1965 Chevrolet Malibu SS

While some cars have very little going for them, and others seem to be a steal of a deal, this one sits in the middle. This 1965 Chevrolet Malibu SS is not a numbers matching car, but it is somewhat solid after spending its life in Oklahoma. It currently resides in Apopka, Florida, and is stated to have a true SS 138 VIN. You can find it here on eBay with a current bid price of $6,500 and the seller has the title in hand.

1965 Chevrolet Malibu SS

No mention of the 327 cubic inch V8 engine being brought to life is mentioned. The engine is connected to a center console-mounted four-speed manual transmission. It has a 4-bolt main with a 12-bolt rear end. It also has an aluminum radiator. They do note as well that the trunk pan needs to be replaced, along with the rear passenger quarter panel, and one trunk hinge. The undercarriage photo shows a surprisingly solid car.

1965 Chevrolet Malibu SS

What little can be gathered from the two interior photos is that it is not half bad. The listing does say that the tachometer is on the dashboard. Not much else is mentioned. All the seats seem to still be in excellent condition. After a little bit of cleaning, you will have the interior in a very comfortable state quite quickly. The rear decklid does appear to be cracking, which is understandable given this car looks like it has been basking in the sun for a long time.
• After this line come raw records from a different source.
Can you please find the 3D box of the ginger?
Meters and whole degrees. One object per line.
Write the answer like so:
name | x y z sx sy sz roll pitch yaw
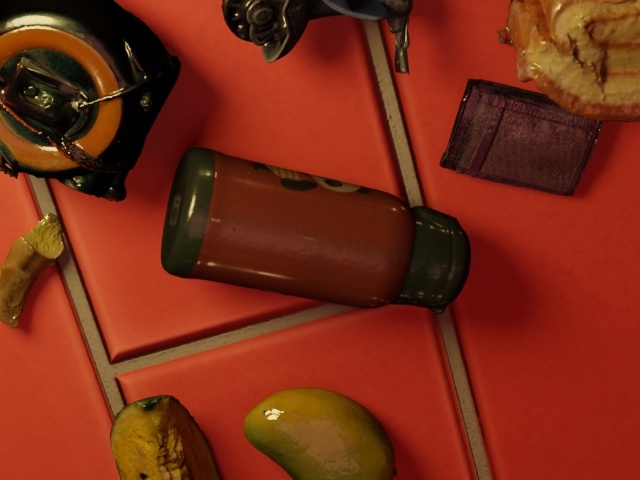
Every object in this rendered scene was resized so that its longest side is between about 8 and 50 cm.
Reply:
ginger | -0.333 0.032 1.924 0.057 0.044 0.137 21 112 -34

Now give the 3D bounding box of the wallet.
wallet | 0.227 -0.113 1.932 0.166 0.030 0.111 12 111 -12

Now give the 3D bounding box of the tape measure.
tape measure | -0.268 -0.161 1.796 0.223 0.135 0.202 26 117 -11

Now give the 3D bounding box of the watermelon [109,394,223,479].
watermelon | -0.172 0.302 2.013 0.123 0.129 0.301 -15 109 -3

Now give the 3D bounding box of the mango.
mango | 0.008 0.241 2.032 0.122 0.085 0.191 -43 113 15

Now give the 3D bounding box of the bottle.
bottle | 0.000 0.000 1.899 0.336 0.144 0.144 12 112 -14

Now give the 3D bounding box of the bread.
bread | 0.318 -0.226 1.845 0.244 0.123 0.190 -13 116 0

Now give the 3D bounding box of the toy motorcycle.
toy motorcycle | 0.046 -0.328 1.753 0.212 0.125 0.358 14 117 -27

In a somewhat surprising offer, the seller notes that the hauler can be purchased as well, for an additional $1,500. At that point, all you need is a vehicle to tow the whole lot with, and you are good to go. This Goldilocks of a Malibu does need some work to be truly restored, but it might not need much to get it roadworthy. Depending on the final bid price, you could have yourself the car and trailer and a great rest of the summer project car.


  1. Big Len

    A definite yes from me.

    Like 5
  2. Nevadahalfrack Nevadahalfrack Member

    Good news: an example of The second best Chevelle SS is for sale, the first being a ‘64!
    More good news-he’s got the title!!! Now there’s a change for a car starting at a reasonable price..
    The bad news-unless it stays under $10K, it’s going to be someone with a serious lust for this model to make it a worthwhile project.
    But then again isn’t this why we buy cars like these that need complete interior makeovers inside and lots of work on the outside?

    Some other questions though; why mount another tach on the steering column and more gauges under the dash if the gauge cluster and factory optioned tach are in the dash? Would it be possible to see more interior photos, preferably without the dirty laundry and jack on the floor so we can really see the inside? Does the motor move freely? It’s “not a numbers matching car”. What component(s) don’t match?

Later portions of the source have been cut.